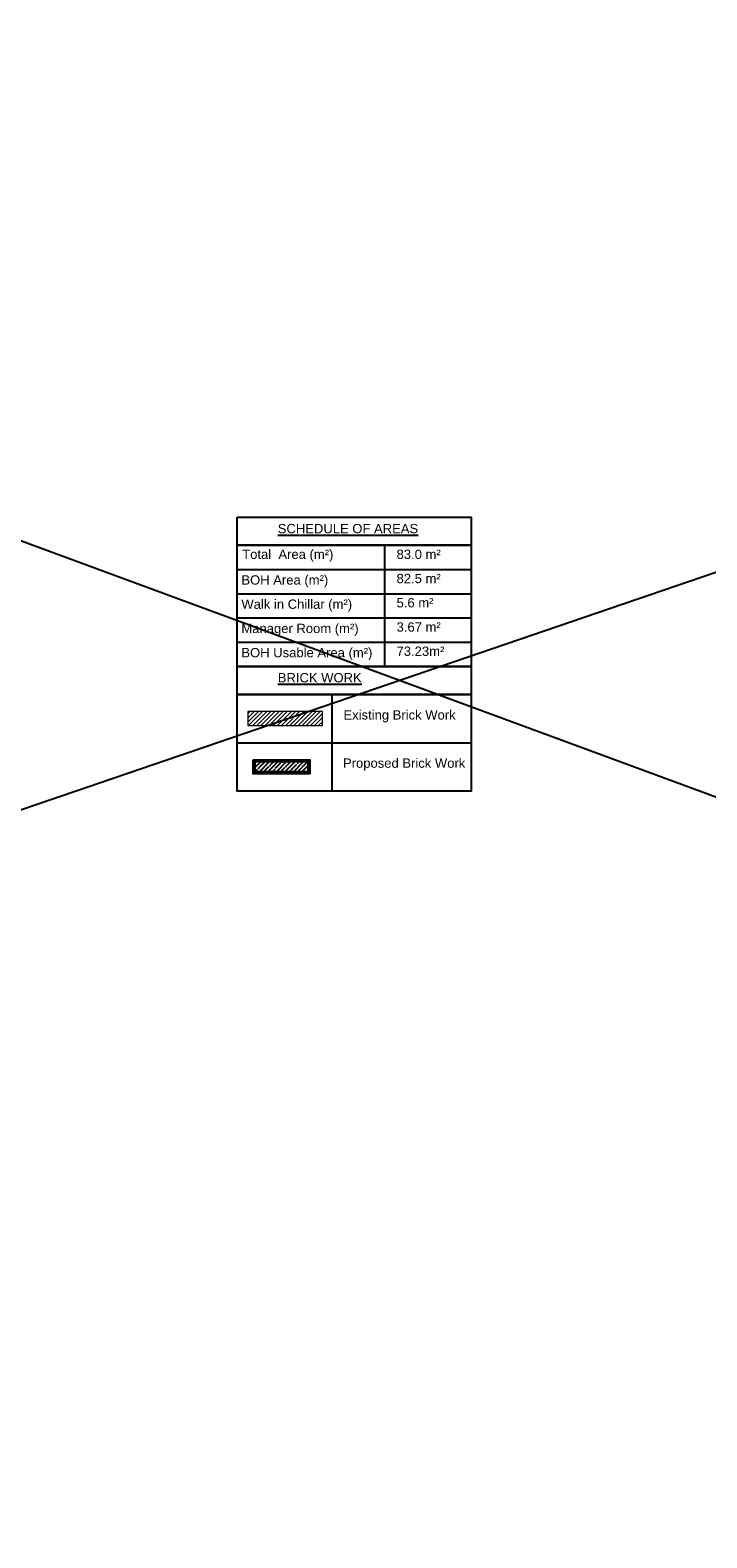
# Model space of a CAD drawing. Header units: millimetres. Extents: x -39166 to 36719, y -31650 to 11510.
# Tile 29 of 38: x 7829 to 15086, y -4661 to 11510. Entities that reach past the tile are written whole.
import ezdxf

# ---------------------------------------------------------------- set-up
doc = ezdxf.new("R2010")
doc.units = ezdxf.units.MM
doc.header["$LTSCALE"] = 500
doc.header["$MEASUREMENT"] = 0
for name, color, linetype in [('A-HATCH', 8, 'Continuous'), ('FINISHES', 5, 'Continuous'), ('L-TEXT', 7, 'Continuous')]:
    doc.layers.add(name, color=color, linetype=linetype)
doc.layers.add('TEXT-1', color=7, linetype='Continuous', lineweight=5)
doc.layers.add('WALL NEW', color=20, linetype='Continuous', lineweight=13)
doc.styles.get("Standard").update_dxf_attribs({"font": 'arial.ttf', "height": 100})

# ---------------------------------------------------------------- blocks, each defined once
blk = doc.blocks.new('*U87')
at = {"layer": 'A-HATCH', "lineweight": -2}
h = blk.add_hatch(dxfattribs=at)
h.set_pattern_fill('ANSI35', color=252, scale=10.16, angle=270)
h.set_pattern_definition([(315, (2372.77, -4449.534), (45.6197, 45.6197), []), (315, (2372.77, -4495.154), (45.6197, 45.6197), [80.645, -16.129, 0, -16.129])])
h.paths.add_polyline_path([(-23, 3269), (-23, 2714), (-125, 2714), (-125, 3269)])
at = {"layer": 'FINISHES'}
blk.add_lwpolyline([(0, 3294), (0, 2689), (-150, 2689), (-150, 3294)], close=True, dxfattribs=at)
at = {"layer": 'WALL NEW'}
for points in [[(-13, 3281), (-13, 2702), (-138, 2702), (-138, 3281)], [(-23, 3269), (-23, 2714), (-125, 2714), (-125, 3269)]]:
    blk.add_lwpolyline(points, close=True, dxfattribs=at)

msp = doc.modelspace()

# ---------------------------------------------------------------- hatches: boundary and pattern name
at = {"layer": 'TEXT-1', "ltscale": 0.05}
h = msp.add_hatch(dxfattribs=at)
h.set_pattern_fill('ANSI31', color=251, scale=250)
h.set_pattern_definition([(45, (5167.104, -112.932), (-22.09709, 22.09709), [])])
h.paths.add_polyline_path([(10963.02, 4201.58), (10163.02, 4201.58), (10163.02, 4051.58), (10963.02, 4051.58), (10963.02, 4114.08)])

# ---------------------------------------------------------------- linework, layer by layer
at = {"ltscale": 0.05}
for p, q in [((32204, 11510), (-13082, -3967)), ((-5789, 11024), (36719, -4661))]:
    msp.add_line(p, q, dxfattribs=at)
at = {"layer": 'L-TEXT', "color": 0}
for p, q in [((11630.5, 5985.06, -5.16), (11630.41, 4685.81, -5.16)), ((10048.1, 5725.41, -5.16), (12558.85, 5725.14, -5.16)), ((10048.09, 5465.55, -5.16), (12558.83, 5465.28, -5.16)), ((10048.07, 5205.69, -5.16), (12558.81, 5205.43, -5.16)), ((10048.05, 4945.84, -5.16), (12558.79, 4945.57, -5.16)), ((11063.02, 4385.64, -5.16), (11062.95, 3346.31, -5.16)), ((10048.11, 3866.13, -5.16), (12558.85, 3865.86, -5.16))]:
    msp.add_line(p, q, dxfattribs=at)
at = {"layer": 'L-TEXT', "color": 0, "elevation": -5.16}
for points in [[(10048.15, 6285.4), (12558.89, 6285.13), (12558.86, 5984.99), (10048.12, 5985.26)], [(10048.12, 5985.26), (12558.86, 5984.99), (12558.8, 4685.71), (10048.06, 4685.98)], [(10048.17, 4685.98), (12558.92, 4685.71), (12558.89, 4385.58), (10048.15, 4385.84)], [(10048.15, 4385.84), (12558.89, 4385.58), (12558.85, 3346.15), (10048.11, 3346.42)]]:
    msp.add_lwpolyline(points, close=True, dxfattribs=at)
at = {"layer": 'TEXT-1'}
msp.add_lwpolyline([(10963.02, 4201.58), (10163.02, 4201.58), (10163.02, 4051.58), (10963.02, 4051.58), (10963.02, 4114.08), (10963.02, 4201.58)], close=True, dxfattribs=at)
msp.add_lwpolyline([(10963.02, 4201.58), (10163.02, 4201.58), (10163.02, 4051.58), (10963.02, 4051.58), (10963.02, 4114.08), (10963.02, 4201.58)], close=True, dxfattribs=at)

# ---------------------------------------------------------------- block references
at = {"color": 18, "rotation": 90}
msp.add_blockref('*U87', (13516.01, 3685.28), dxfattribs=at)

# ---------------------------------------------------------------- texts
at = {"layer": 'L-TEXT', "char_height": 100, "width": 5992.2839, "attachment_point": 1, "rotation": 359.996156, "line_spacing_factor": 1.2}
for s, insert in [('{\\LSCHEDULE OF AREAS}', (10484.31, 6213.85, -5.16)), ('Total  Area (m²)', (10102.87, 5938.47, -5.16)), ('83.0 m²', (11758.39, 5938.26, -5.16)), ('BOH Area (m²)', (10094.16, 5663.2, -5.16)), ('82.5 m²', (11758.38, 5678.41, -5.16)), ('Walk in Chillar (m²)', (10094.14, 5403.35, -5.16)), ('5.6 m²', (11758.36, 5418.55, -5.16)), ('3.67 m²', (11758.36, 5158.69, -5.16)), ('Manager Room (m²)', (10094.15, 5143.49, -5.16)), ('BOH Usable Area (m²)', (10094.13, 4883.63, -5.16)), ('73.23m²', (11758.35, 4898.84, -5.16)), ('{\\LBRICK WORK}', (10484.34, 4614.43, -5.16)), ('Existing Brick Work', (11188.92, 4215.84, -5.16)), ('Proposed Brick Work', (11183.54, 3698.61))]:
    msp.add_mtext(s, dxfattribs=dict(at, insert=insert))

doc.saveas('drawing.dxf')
· · · ·
WORK ORDER> An exact, picture-free copy of the listing above is the goal; write it out now.

SOLUTION TO THIS EXERCISE>
# Model space of a CAD drawing. Header units: millimetres. Extents: x -39166 to 36719, y -31650 to 11510.
# Tile 29 of 38: x 7829 to 15086, y -4661 to 11510. Entities that reach past the tile are written whole.
import ezdxf

# ---------------------------------------------------------------- set-up
doc = ezdxf.new("R2010")
doc.units = ezdxf.units.MM
doc.header["$LTSCALE"] = 500
doc.header["$MEASUREMENT"] = 0
for name, color, linetype in [('A-HATCH', 8, 'Continuous'), ('FINISHES', 5, 'Continuous'), ('L-TEXT', 7, 'Continuous')]:
    doc.layers.add(name, color=color, linetype=linetype)
doc.layers.add('TEXT-1', color=7, linetype='Continuous', lineweight=5)
doc.layers.add('WALL NEW', color=20, linetype='Continuous', lineweight=13)
doc.styles.get("Standard").update_dxf_attribs({"font": 'arial.ttf', "height": 100})

# ---------------------------------------------------------------- blocks, each defined once
blk = doc.blocks.new('*U87')
at = {"layer": 'A-HATCH', "lineweight": -2}
h = blk.add_hatch(dxfattribs=at)
h.set_pattern_fill('ANSI35', color=252, scale=10.16, angle=270)
h.set_pattern_definition([(315, (2372.77, -4449.534), (45.6197, 45.6197), []), (315, (2372.77, -4495.154), (45.6197, 45.6197), [80.645, -16.129, 0, -16.129])])
h.paths.add_polyline_path([(-23, 3269), (-23, 2714), (-125, 2714), (-125, 3269)])
at = {"layer": 'FINISHES'}
blk.add_lwpolyline([(0, 3294), (0, 2689), (-150, 2689), (-150, 3294)], close=True, dxfattribs=at)
at = {"layer": 'WALL NEW'}
for points in [[(-13, 3281), (-13, 2702), (-138, 2702), (-138, 3281)], [(-23, 3269), (-23, 2714), (-125, 2714), (-125, 3269)]]:
    blk.add_lwpolyline(points, close=True, dxfattribs=at)

msp = doc.modelspace()

# ---------------------------------------------------------------- hatches: boundary and pattern name
at = {"layer": 'TEXT-1', "ltscale": 0.05}
h = msp.add_hatch(dxfattribs=at)
h.set_pattern_fill('ANSI31', color=251, scale=250)
h.set_pattern_definition([(45, (5167.104, -112.932), (-22.09709, 22.09709), [])])
h.paths.add_polyline_path([(10963.02, 4201.58), (10163.02, 4201.58), (10163.02, 4051.58), (10963.02, 4051.58), (10963.02, 4114.08)])

# ---------------------------------------------------------------- linework, layer by layer
at = {"ltscale": 0.05}
for p, q in [((32204, 11510), (-13082, -3967)), ((-5789, 11024), (36719, -4661))]:
    msp.add_line(p, q, dxfattribs=at)
at = {"layer": 'L-TEXT', "color": 0}
for p, q in [((11630.5, 5985.06, -5.16), (11630.41, 4685.81, -5.16)), ((10048.1, 5725.41, -5.16), (12558.85, 5725.14, -5.16)), ((10048.09, 5465.55, -5.16), (12558.83, 5465.28, -5.16)), ((10048.07, 5205.69, -5.16), (12558.81, 5205.43, -5.16)), ((10048.05, 4945.84, -5.16), (12558.79, 4945.57, -5.16)), ((11063.02, 4385.64, -5.16), (11062.95, 3346.31, -5.16)), ((10048.11, 3866.13, -5.16), (12558.85, 3865.86, -5.16))]:
    msp.add_line(p, q, dxfattribs=at)
at = {"layer": 'L-TEXT', "color": 0, "elevation": -5.16}
for points in [[(10048.15, 6285.4), (12558.89, 6285.13), (12558.86, 5984.99), (10048.12, 5985.26)], [(10048.12, 5985.26), (12558.86, 5984.99), (12558.8, 4685.71), (10048.06, 4685.98)], [(10048.17, 4685.98), (12558.92, 4685.71), (12558.89, 4385.58), (10048.15, 4385.84)], [(10048.15, 4385.84), (12558.89, 4385.58), (12558.85, 3346.15), (10048.11, 3346.42)]]:
    msp.add_lwpolyline(points, close=True, dxfattribs=at)
at = {"layer": 'TEXT-1'}
msp.add_lwpolyline([(10963.02, 4201.58), (10163.02, 4201.58), (10163.02, 4051.58), (10963.02, 4051.58), (10963.02, 4114.08), (10963.02, 4201.58)], close=True, dxfattribs=at)
msp.add_lwpolyline([(10963.02, 4201.58), (10163.02, 4201.58), (10163.02, 4051.58), (10963.02, 4051.58), (10963.02, 4114.08), (10963.02, 4201.58)], close=True, dxfattribs=at)

# ---------------------------------------------------------------- block references
at = {"color": 18, "rotation": 90}
msp.add_blockref('*U87', (13516.01, 3685.28), dxfattribs=at)

# ---------------------------------------------------------------- texts
at = {"layer": 'L-TEXT', "char_height": 100, "width": 5992.2839, "attachment_point": 1, "rotation": 359.996156, "line_spacing_factor": 1.2}
for s, insert in [('{\\LSCHEDULE OF AREAS}', (10484.31, 6213.85, -5.16)), ('Total  Area (m²)', (10102.87, 5938.47, -5.16)), ('83.0 m²', (11758.39, 5938.26, -5.16)), ('BOH Area (m²)', (10094.16, 5663.2, -5.16)), ('82.5 m²', (11758.38, 5678.41, -5.16)), ('Walk in Chillar (m²)', (10094.14, 5403.35, -5.16)), ('5.6 m²', (11758.36, 5418.55, -5.16)), ('3.67 m²', (11758.36, 5158.69, -5.16)), ('Manager Room (m²)', (10094.15, 5143.49, -5.16)), ('BOH Usable Area (m²)', (10094.13, 4883.63, -5.16)), ('73.23m²', (11758.35, 4898.84, -5.16)), ('{\\LBRICK WORK}', (10484.34, 4614.43, -5.16)), ('Existing Brick Work', (11188.92, 4215.84, -5.16)), ('Proposed Brick Work', (11183.54, 3698.61))]:
    msp.add_mtext(s, dxfattribs=dict(at, insert=insert))

doc.saveas('drawing.dxf')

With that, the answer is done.